[[ Provided data, beginning ]]

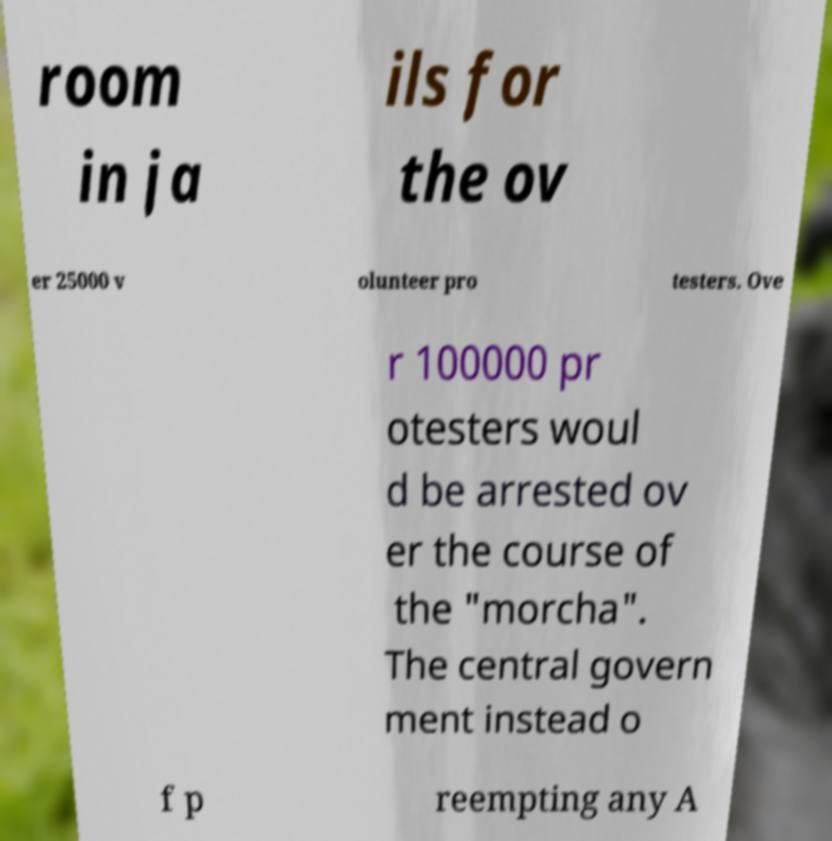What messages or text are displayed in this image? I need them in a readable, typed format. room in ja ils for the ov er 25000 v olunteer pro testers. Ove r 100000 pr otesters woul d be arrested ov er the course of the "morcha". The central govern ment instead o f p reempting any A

[[ Provided data, end ]]
[[ Provided data, beginning ]]

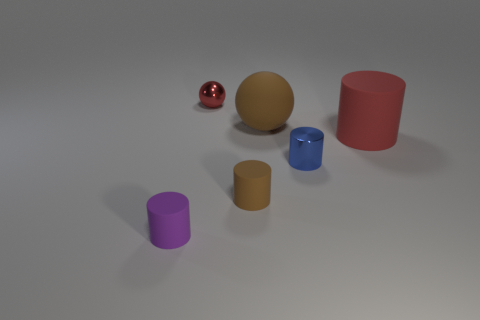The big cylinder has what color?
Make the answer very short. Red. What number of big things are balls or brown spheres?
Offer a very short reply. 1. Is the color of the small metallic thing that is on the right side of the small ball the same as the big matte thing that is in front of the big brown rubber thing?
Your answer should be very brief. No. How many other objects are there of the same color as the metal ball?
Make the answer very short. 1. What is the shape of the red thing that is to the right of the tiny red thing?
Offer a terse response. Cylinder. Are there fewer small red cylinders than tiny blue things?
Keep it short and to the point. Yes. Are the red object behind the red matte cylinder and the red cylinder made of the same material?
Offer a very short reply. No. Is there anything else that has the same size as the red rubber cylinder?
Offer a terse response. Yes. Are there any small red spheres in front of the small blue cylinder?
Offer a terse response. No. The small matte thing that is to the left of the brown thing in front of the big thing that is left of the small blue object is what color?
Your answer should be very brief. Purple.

[[ Provided data, end ]]

▶ Problem details
Track down all lines above with the string "that" and copy them.

▶ Task answer
Offer a very short reply. 1. Is the color of the small metallic thing that is on the right side of the small ball the same as the big matte thing that is in front of the big brown rubber thing?
Make the answer very short. 1. What is the shape of the red thing that is to the right of the tiny red thing?
Offer a very short reply. No. Is there anything else that has the same size as the red rubber cylinder?
Offer a terse response. No. The small matte thing that is to the left of the brown thing in front of the big thing that is left of the small blue object is what color?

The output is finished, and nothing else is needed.